FAIR WORK COMMISSION

DECISION

Fair Work Act 2009

s.394 - Application for unfair dismissal remedy

Mr Brock Austin
v

Sandgate Taphouse Pty Ltd T/A Sandgate Post Office Hotel

(U2023/6319)

COMMISSIONER SIMPSON

BRISBANE, 8 NOVEMBER 2024

Application for costs pursuant to ss.400A and 611 of the Fair Work Act 2009 against applicant for an unfair dismissal remedy – costs denied

  1. Sandgate Taphouse Pty Ltd T/A Sandgate Post Office Hotel (Sandgate Taphouse / the Costs Applicant) made an application to the Fair Work Commission (the Commission) seeking an order for costs against Mr Brock Austin (Mr Austin / the Costs Respondent) pursuant to ss.400A and 611 of the Fair Work Act 2009 (Cth) (the Act).

  1. The application is made in the context of an application for an unfair dismissal remedy (unfair dismissal application) made under s.394 of the Act by Mr Austin on 12 July 2023. The matter was listed for determinative hearing of the application’s merits before me on 25 October 2023. Mr Austin was represented by Mr Thomas Allan of Allan Bullock Solicitors in the substantive case, and in this costs matter. Sandgate Taphouse was represented by Aitken Legal in the substantive matter and represented itself in this costs matter. On 23 November 2023, I issued a decision, [2023] FWC 3084, dismissing Mr Austin’s unfair dismissal application.

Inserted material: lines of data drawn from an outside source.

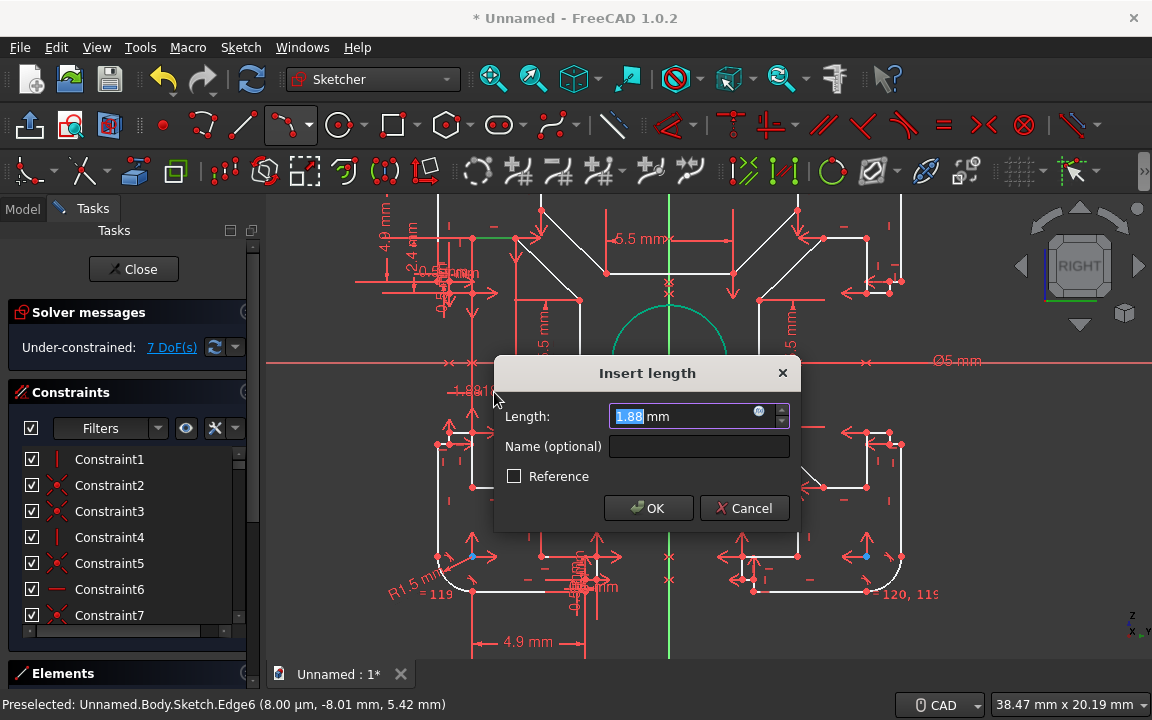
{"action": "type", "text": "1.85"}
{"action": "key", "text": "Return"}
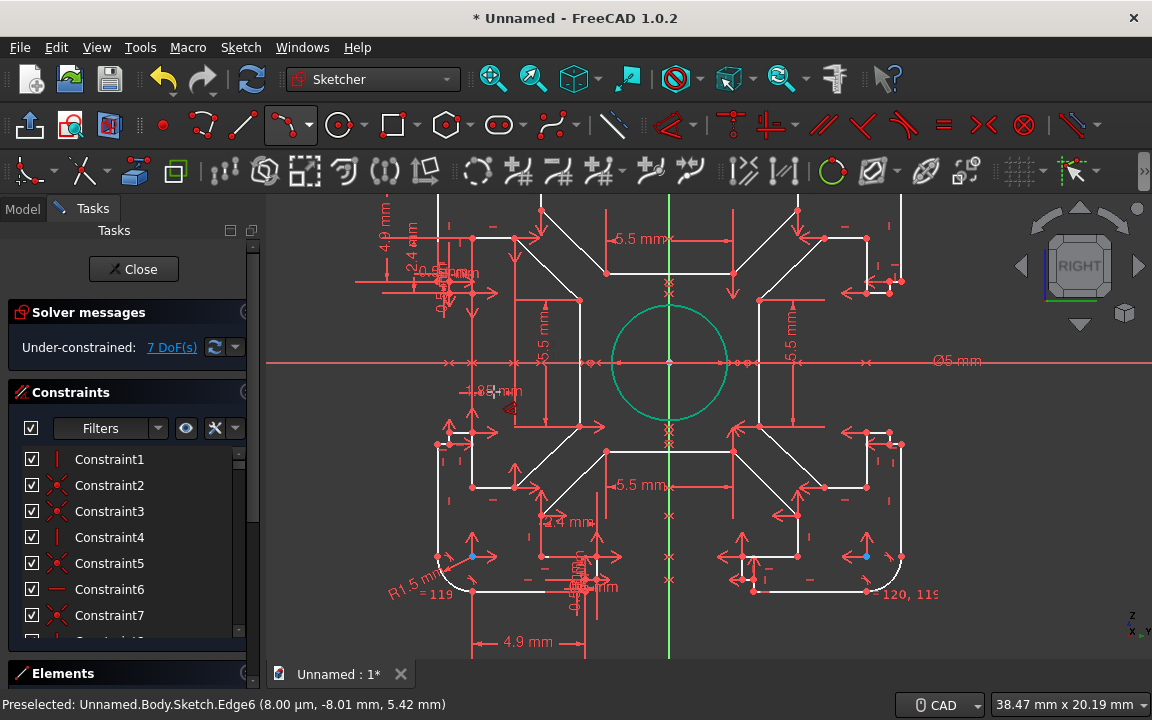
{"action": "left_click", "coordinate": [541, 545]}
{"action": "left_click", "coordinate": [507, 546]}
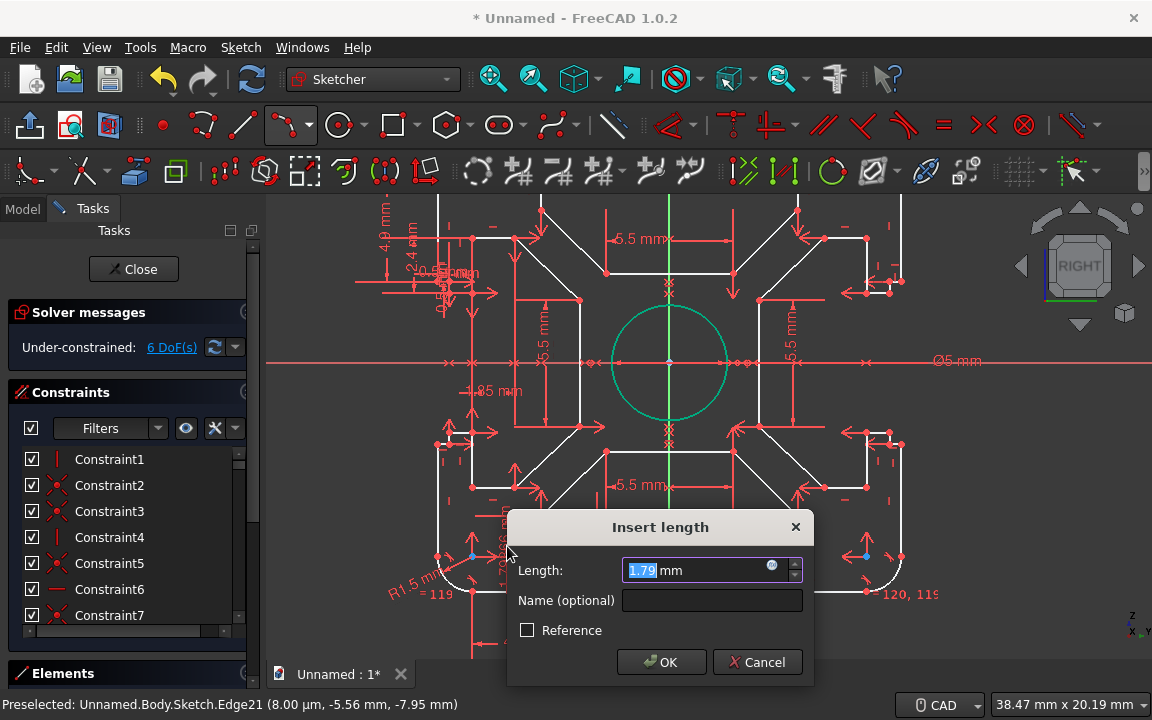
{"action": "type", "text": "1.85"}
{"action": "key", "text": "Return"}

  1. On 7 December 2023, Sandgate Taphouse made this application for costs against Mr Austin. The hearing of this application was adjourned pending the outcome of Mr Austin’s application to appeal the above decision.

  1. On 1 August 2024, a decision, [2024] FWCFB 323 was issued which refused permission to appeal my decision of 23 November 2023.

  1. Directions were issued on 21 August 2024 requiring parties to file material in respect of the costs application. The matter was determined on the papers by consent of the parties.

Relevant Legislation 

  1. Sandgate Taphouse’s application for costs against Mr Austin relied in part on s.400A of the Act, which provides:

“400A Costs orders against parties

(1)       The FWC may make an order for costs against a party to a matter arising under this Part (the first party) for costs incurred by the other party to the matter if the FWC is satisfied that the first party caused those costs to be incurred because of an unreasonable act or omission of the first party in connection with the conduct or continuation of the matter.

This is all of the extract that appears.